Scorpio put out the 8 CD set entitled Genuine Live 66 in 2000 (following in their tradition of sticking titles to Sony music.)  It gives us a fantastic view into one of the best  (if not THE best) rock tours ever done.

The Bootlegs included in the box set are:  “A Phoenix in April” – Sydney, Australia “The Children’s Crusade” – Melbourne & Adelaide “While The Establishment Burns” –  Dublin, Copenhagen, & Edinburgh “A Nightly Ritual” – Liverpool, Glasgow, Sheffield, & Birmingham “The Genuine RAH Concerts” Manchester & London (In addition, some sets included two bonus discs of the Bristol show entitled Away From The Past)
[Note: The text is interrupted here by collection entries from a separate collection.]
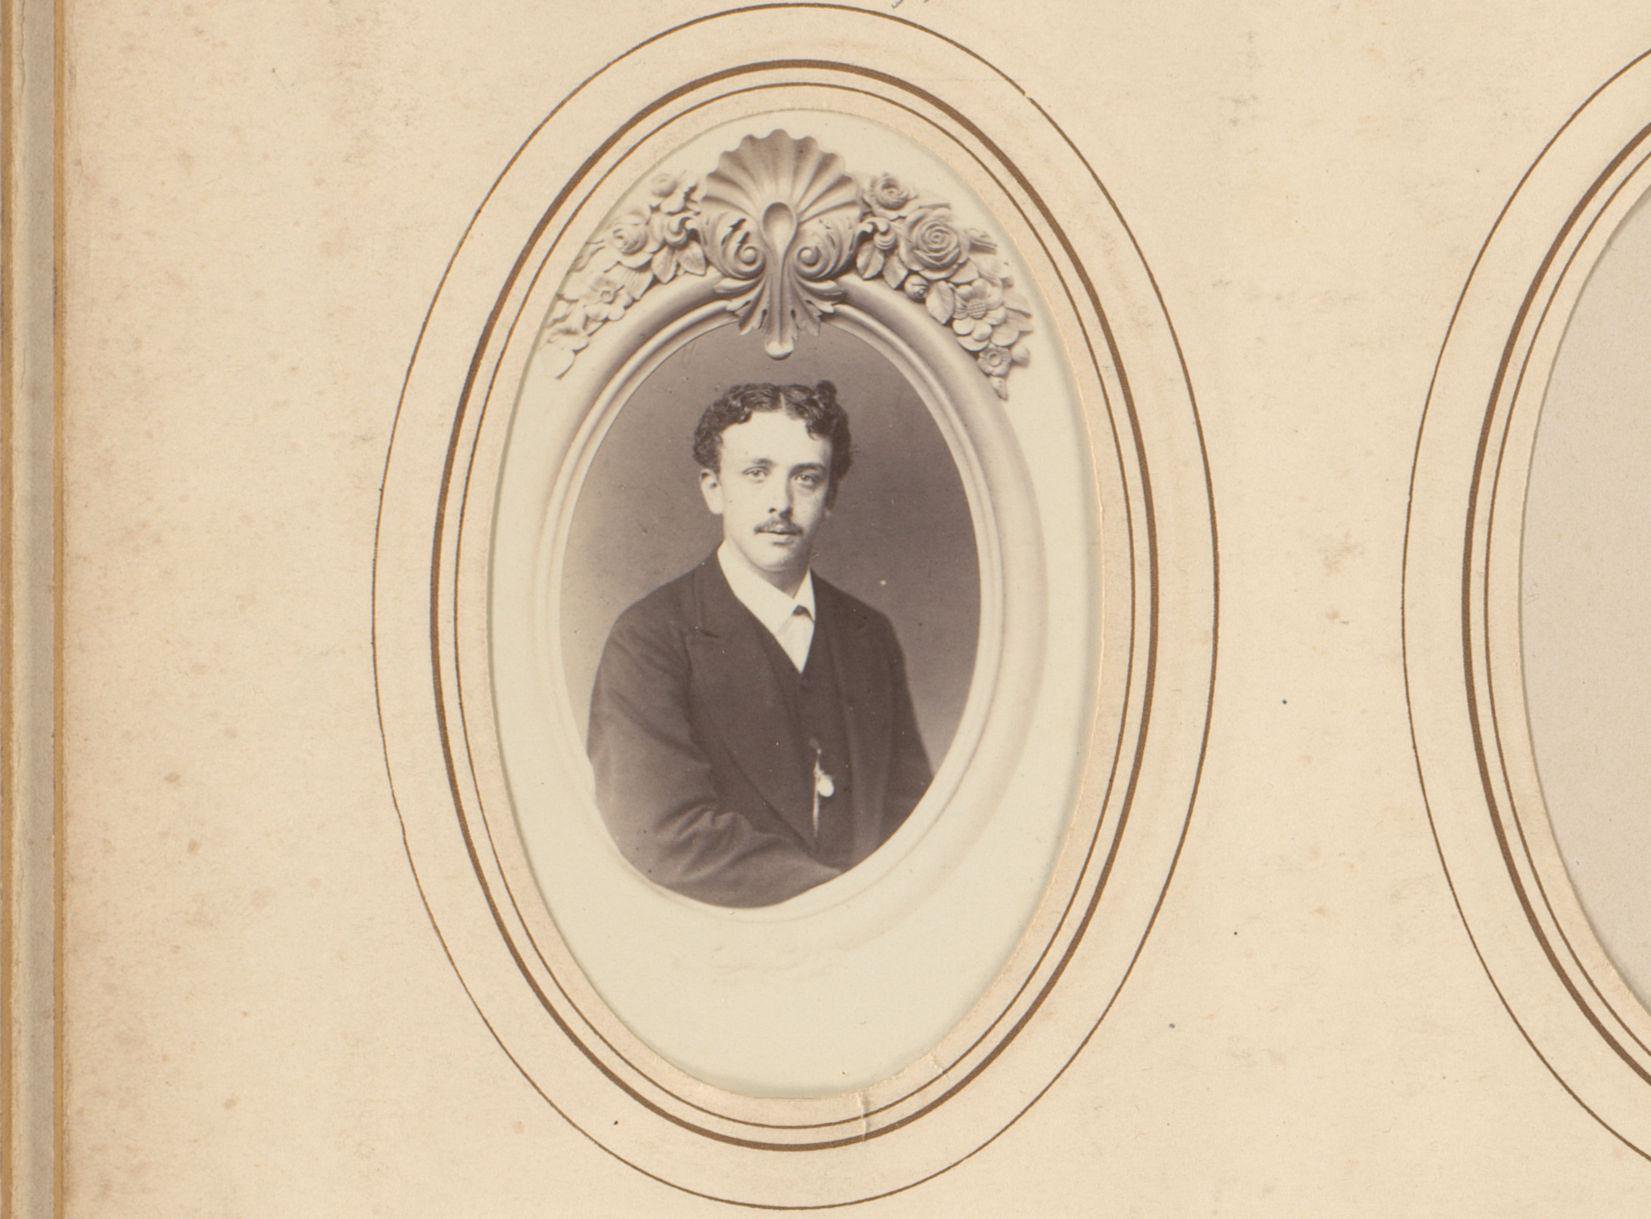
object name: album leaf
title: Portret van onbekende man in ovale lijst
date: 1870-1890
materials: cardboard, photographic support
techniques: albumen print
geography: germany
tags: photography, adult man
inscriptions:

The Bob Dylan World Tour 1966 was a concert tour from February to May 1966. Dylan’s 1966 World Tour was notable as the first tour where Dylan employed an electric band backing him, following his “going electric” at the 1965 Newport Folk Festival. The musicians Dylan employed as his backing band were known as The Hawks; they subsequently became famous as The Band. The 1966 tour was filmed by director D. A. Pennebaker. Pennebaker’s footage was edited by Dylan and Howard Alk to produce a little-seen film, Eat the Document , an anarchic account of the tour. Drummer Mickey Jones also filmed the tour with an 8mmhome movie camera. Many of the 1966 tour concerts were recorded by Columbia Records. These recordings produced one official album, the so-called “Royal Albert Hall” concert, and also many unofficial bootleg recordings of the tour. This box set is the definitive audio documentation of this tour.

Highlights: Too many to single out, this is a true treasure chest!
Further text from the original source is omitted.